In general, the sealing systems of the prior art have not been totally satisfactory for use in modern-day wells having high bottom hole temperatures and pressures as well as containing corrosive fluids. Various types of newly available elastomeric materials have been utilized in packer seal systems, such elastomeric materials such as polytetrafluoroethylene sold under the trademark "Teflon", a polymer of polyphenylene sulfide sold under the trademark "Ryton", and a perfluoroelastomer sold under the trademark "Kalrez".

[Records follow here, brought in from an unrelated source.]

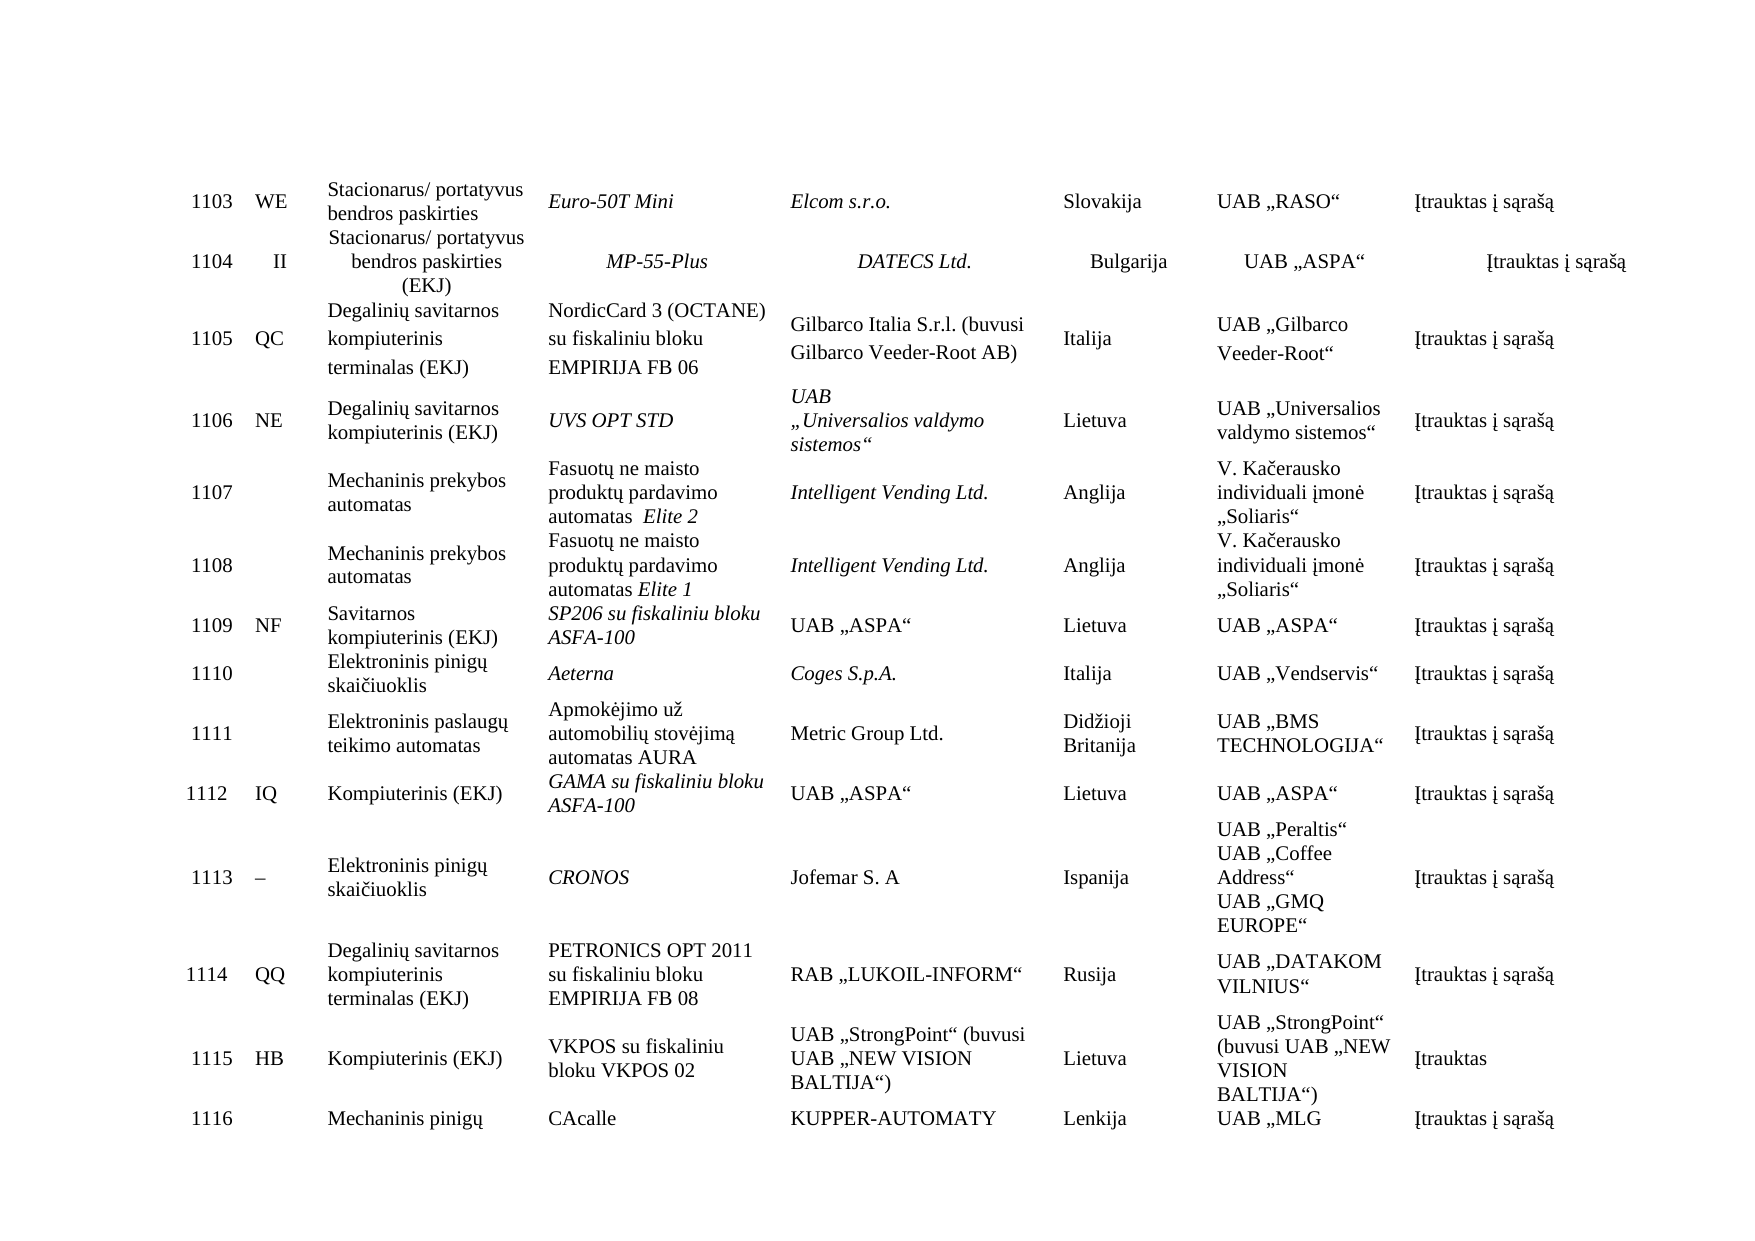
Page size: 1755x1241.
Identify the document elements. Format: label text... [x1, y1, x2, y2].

table_cell SP206 su fiskaliniu bloku ASFA-100 [537, 601, 779, 649]
table_cell MP-55-Plus [537, 225, 779, 297]
table_cell Degalinių savitarnos kompiuterinis (EKJ) [316, 384, 537, 456]
table_cell Įtrauktas į sąrašą [1403, 456, 1709, 528]
table_cell UAB „RASO“ [1206, 177, 1403, 225]
table_cell Lenkija [1052, 1106, 1206, 1130]
table_cell Mechaninis prekybos automatas [316, 456, 537, 528]
table_cell Įtrauktas į sąrašą [1403, 601, 1709, 649]
table_cell QC [244, 298, 316, 384]
table_cell Įtrauktas į sąrašą [1403, 529, 1709, 601]
table_cell Didžioji Britanija [1052, 697, 1206, 769]
table_cell Įtrauktas į sąrašą [1403, 817, 1709, 937]
table_cell Kompiuterinis (EKJ) [316, 1010, 537, 1106]
table_cell Bulgarija [1052, 225, 1206, 297]
table_cell Anglija [1052, 456, 1206, 528]
table_cell Įtrauktas į sąrašą [1403, 769, 1709, 817]
table_cell 1109 [115, 601, 244, 649]
table_cell 1111 [115, 697, 244, 769]
table_cell Lietuva [1052, 1010, 1206, 1106]
table_cell WE [244, 177, 316, 225]
table_cell Degalinių savitarnos kompiuterinis terminalas (EKJ) [316, 298, 537, 384]
table_cell V. Kačerausko individuali įmonė „Soliaris“ [1206, 529, 1403, 601]
table_cell [244, 529, 316, 601]
table_cell NordicCard 3 (OCTANE) su fiskaliniu bloku EMPIRIJA FB 06 [537, 298, 779, 384]
table_cell Lietuva [1052, 601, 1206, 649]
table_cell Euro-50T Mini [537, 177, 779, 225]
table_cell Įtrauktas į sąrašą [1403, 298, 1709, 384]
table_cell HB [244, 1010, 316, 1106]
table_cell UAB „BMS TECHNOLOGIJA“ [1206, 697, 1403, 769]
table_cell Ispanija [1052, 817, 1206, 937]
table_cell UAB „MLG [1206, 1106, 1403, 1130]
table_cell UAB „DATAKOM VILNIUS“ [1206, 938, 1403, 1010]
table_cell Įtrauktas į sąrašą [1403, 225, 1709, 297]
table_cell Apmokėjimo už automobilių stovėjimą automatas AURA [537, 697, 779, 769]
table_cell Kompiuterinis (EKJ) [316, 769, 537, 817]
table_cell UAB „Gilbarco Veeder-Root“ [1206, 298, 1403, 384]
table_cell Jofemar S. A [779, 817, 1052, 937]
table_cell Įtrauktas į sąrašą [1403, 938, 1709, 1010]
table_cell UAB „Peraltis“ UAB „Coffee Address“ UAB „GMQ EUROPE“ [1206, 817, 1403, 937]
table_cell 1106 [115, 384, 244, 456]
table_cell Įtrauktas į sąrašą [1403, 1106, 1709, 1130]
table_cell Elektroninis pinigų skaičiuoklis [316, 649, 537, 697]
table_cell Gilbarco Italia S.r.l. (buvusi Gilbarco Veeder-Root AB) [779, 298, 1052, 384]
table_cell RAB „LUKOIL-INFORM“ [779, 938, 1052, 1010]
table_cell Elektroninis pinigų skaičiuoklis [316, 817, 537, 937]
table_cell UAB „Universalios valdymo sistemos“ [779, 384, 1052, 456]
table_cell UAB „ASPA“ [779, 601, 1052, 649]
table_cell UAB „StrongPoint“ (buvusi UAB „NEW VISION BALTIJA“) [1206, 1010, 1403, 1106]
table_cell Įtrauktas į sąrašą [1403, 384, 1709, 456]
table_cell Įtrauktas [1403, 1010, 1709, 1106]
table_cell [244, 1106, 316, 1130]
table_cell IQ [244, 769, 316, 817]
table_cell KUPPER-AUTOMATY [779, 1106, 1052, 1130]
table_cell – [244, 817, 316, 937]
table_cell UVS OPT STD [537, 384, 779, 456]
table_cell VKPOS su fiskaliniu bloku VKPOS 02 [537, 1010, 779, 1106]
table_cell Fasuotų ne maisto produktų pardavimo automatas Elite 2 [537, 456, 779, 528]
table_cell Elektroninis paslaugų teikimo automatas [316, 697, 537, 769]
table_cell Intelligent Vending Ltd. [779, 456, 1052, 528]
table_cell Slovakija [1052, 177, 1206, 225]
table_cell CRONOS [537, 817, 779, 937]
table_cell 1103 [115, 177, 244, 225]
table_cell PETRONICS OPT 2011 su fiskaliniu bloku EMPIRIJA FB 08 [537, 938, 779, 1010]
table_cell UAB „ASPA“ [1206, 769, 1403, 817]
table_cell Įtrauktas į sąrašą [1403, 697, 1709, 769]
table_cell Fasuotų ne maisto produktų pardavimo automatas Elite 1 [537, 529, 779, 601]
table_cell Mechaninis prekybos automatas [316, 529, 537, 601]
table_cell Intelligent Vending Ltd. [779, 529, 1052, 601]
table_cell UAB „Vendservis“ [1206, 649, 1403, 697]
table_cell Įtrauktas į sąrašą [1403, 177, 1709, 225]
table_cell [244, 649, 316, 697]
table_cell Elcom s.r.o. [779, 177, 1052, 225]
table_cell Mechaninis pinigų [316, 1106, 537, 1130]
table_cell 1114 [115, 938, 244, 1010]
table_cell UAB „StrongPoint“ (buvusi UAB „NEW VISION BALTIJA“) [779, 1010, 1052, 1106]
table_cell Lietuva [1052, 769, 1206, 817]
table_cell [244, 697, 316, 769]
table_cell Stacionarus/ portatyvus bendros paskirties (EKJ) [316, 225, 537, 297]
table_cell UAB „ASPA“ [779, 769, 1052, 817]
table_cell UAB „ASPA“ [1206, 601, 1403, 649]
table_cell 1113 [115, 817, 244, 937]
table_cell UAB „Universalios valdymo sistemos“ [1206, 384, 1403, 456]
table_cell NE [244, 384, 316, 456]
table_cell UAB „ASPA“ [1206, 225, 1403, 297]
table_cell GAMA su fiskaliniu bloku ASFA-100 [537, 769, 779, 817]
table_cell 1105 [115, 298, 244, 384]
table_cell Metric Group Ltd. [779, 697, 1052, 769]
table_cell Įtrauktas į sąrašą [1403, 649, 1709, 697]
table_cell Coges S.p.A. [779, 649, 1052, 697]
table_cell 1116 [115, 1106, 244, 1130]
table_cell 1104 [115, 225, 244, 297]
table_cell Degalinių savitarnos kompiuterinis terminalas (EKJ) [316, 938, 537, 1010]
table_cell CAcalle [537, 1106, 779, 1130]
table_cell 1115 [115, 1010, 244, 1106]
table_cell 1108 [115, 529, 244, 601]
table_cell Italija [1052, 298, 1206, 384]
table_cell DATECS Ltd. [779, 225, 1052, 297]
table_cell Rusija [1052, 938, 1206, 1010]
table_cell [244, 456, 316, 528]
table_cell QQ [244, 938, 316, 1010]
table_cell 1107 [115, 456, 244, 528]
table_cell Lietuva [1052, 384, 1206, 456]
table_cell 1112 [115, 769, 244, 817]
table_cell Savitarnos kompiuterinis (EKJ) [316, 601, 537, 649]
table_cell Aeterna [537, 649, 779, 697]
table_cell NF [244, 601, 316, 649]
table_cell Anglija [1052, 529, 1206, 601]
table_cell Italija [1052, 649, 1206, 697]
table_cell II [244, 225, 316, 297]
table_cell V. Kačerausko individuali įmonė „Soliaris“ [1206, 456, 1403, 528]
table_cell 1110 [115, 649, 244, 697]
table_cell Stacionarus/ portatyvus bendros paskirties [316, 177, 537, 225]
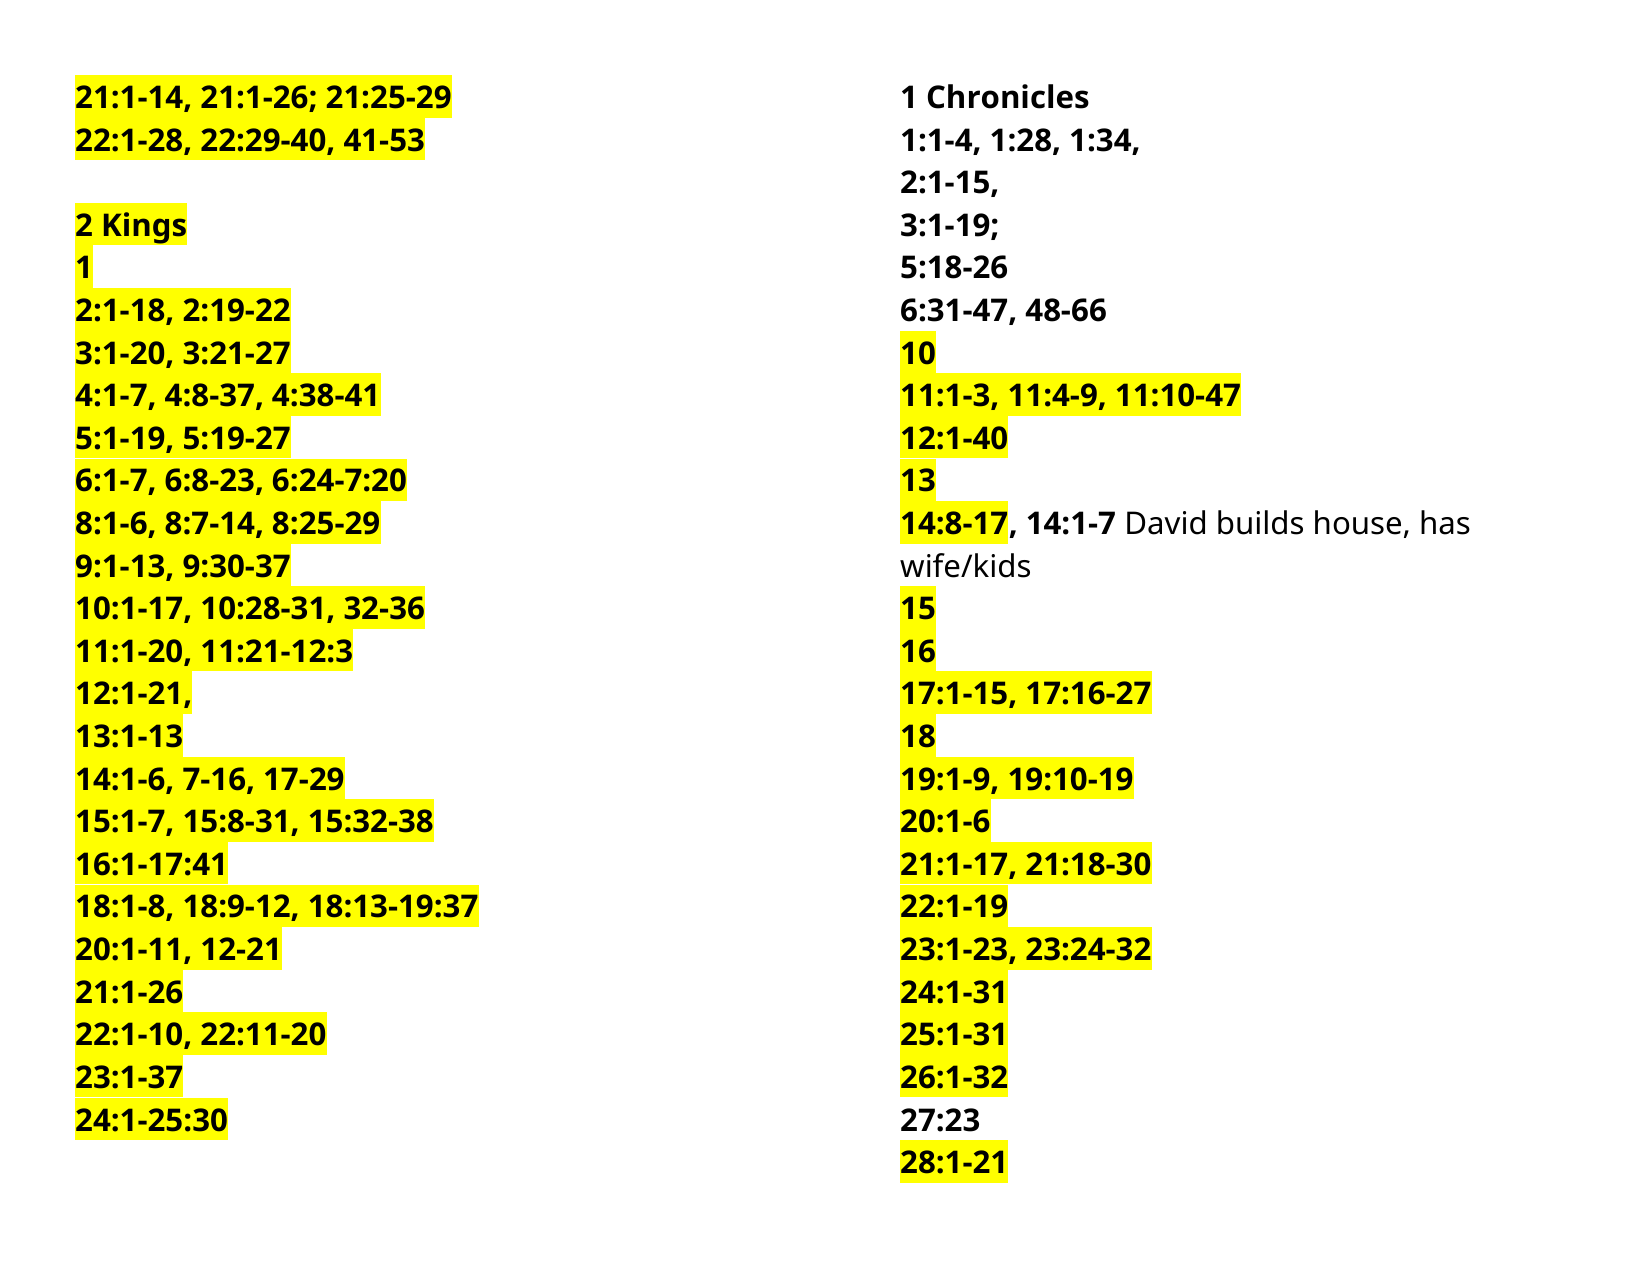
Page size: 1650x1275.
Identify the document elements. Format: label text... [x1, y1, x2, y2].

text 1:1-4, 1:28, 1:34, [900, 118, 1575, 160]
text 11:1-20, 11:21-12:3 [75, 629, 750, 671]
text 12:1-40 [900, 416, 1575, 458]
text 16 [900, 629, 1575, 671]
text 14:8-17, 14:1-7 David builds house, has wife/kids [900, 501, 1575, 586]
text 15 [900, 586, 1575, 629]
text 17:1-15, 17:16-27 [900, 671, 1575, 714]
text 1 [75, 245, 750, 288]
text 10:1-17, 10:28-31, 32-36 [75, 586, 750, 629]
text 21:1-26 [75, 970, 750, 1012]
text 22:1-10, 22:11-20 [75, 1012, 750, 1055]
text 24:1-25:30 [75, 1097, 750, 1140]
text 19:1-9, 19:10-19 [900, 757, 1575, 799]
text 20:1-11, 12-21 [75, 927, 750, 970]
text 2:1-15, [900, 160, 1575, 203]
text 21:1-14, 21:1-26; 21:25-29 [75, 75, 750, 118]
text 6:31-47, 48-66 [900, 288, 1575, 331]
text 22:1-28, 22:29-40, 41-53 [75, 118, 750, 160]
text 12:1-21, [75, 671, 750, 714]
text 1 Chronicles [900, 75, 1575, 118]
text 3:1-19; [900, 203, 1575, 245]
text 5:18-26 [900, 245, 1575, 288]
text 9:1-13, 9:30-37 [75, 544, 750, 586]
text 13:1-13 [75, 714, 750, 757]
text 18 [900, 714, 1575, 757]
text 18:1-8, 18:9-12, 18:13-19:37 [75, 884, 750, 927]
text 5:1-19, 5:19-27 [75, 416, 750, 458]
text 10 [900, 331, 1575, 373]
text 14:1-6, 7-16, 17-29 [75, 757, 750, 799]
text 2 Kings [75, 203, 750, 245]
text 26:1-32 [900, 1055, 1575, 1097]
text 13 [900, 458, 1575, 501]
text 6:1-7, 6:8-23, 6:24-7:20 [75, 458, 750, 501]
text 20:1-6 [900, 799, 1575, 842]
text 21:1-17, 21:18-30 [900, 842, 1575, 884]
text 27:23 [900, 1097, 1575, 1140]
text 28:1-21 [900, 1140, 1575, 1183]
text 23:1-23, 23:24-32 [900, 927, 1575, 970]
text 24:1-31 [900, 970, 1575, 1012]
text 23:1-37 [75, 1055, 750, 1097]
text 11:1-3, 11:4-9, 11:10-47 [900, 373, 1575, 416]
text 22:1-19 [900, 884, 1575, 927]
text 3:1-20, 3:21-27 [75, 331, 750, 373]
text 16:1-17:41 [75, 842, 750, 884]
text 4:1-7, 4:8-37, 4:38-41 [75, 373, 750, 416]
text 15:1-7, 15:8-31, 15:32-38 [75, 799, 750, 842]
text 8:1-6, 8:7-14, 8:25-29 [75, 501, 750, 544]
text 25:1-31 [900, 1012, 1575, 1055]
text 2:1-18, 2:19-22 [75, 288, 750, 331]

Polytetrafluoroethylene is a flexible fluoropolymer having a high degree of permanent set and cold flow exhibiting high resistance to corrosive chemicals and high temperatures. It is frequently used in combination with suitable fillers to improve its properties, especially resistance to high temperatures. Polyphenylene sulfide is a thermoplastic resin which exhibits high thermal stability, excellent chemical resistance, and good affinity for retaining fillers. The perfluoroelastomer is another material characterized by high thermal stability and excellent chemical resistance. All of the aforesaid elastomeric materials have been employed in packer seal systems but not with complete success under all conditions in deeper wells. It has been found that sealing systems which incorporate such elastomeric materials have a definite tendency to adhere or stick to the well conduit when exposed to high temperatures when the sealing system must be retrieved from the well or be relocated to a different position.
Sticking of the seal system which can occur in multiple seal assemblies, for example, is not the only problem inherent with the aforesaid elastomers, but ease of fabrication and expense require that the elastomer material be one capable of resisting both steam and hydrocarbons when used in both geothermal and hydrocarbon wells without undue swelling or elongation of the material prior to its controlled expansion or distension into sealing relation. In some cases the running in of the packer assembly may require periods as long as 24 hours and the packing element may be subjected to temperatures ranging from 0.degree. to 600.degree. F. Longer time periods may occasionally be required where the packer assembly must be capable of withstanding several trips into the well prior to setting the packing element.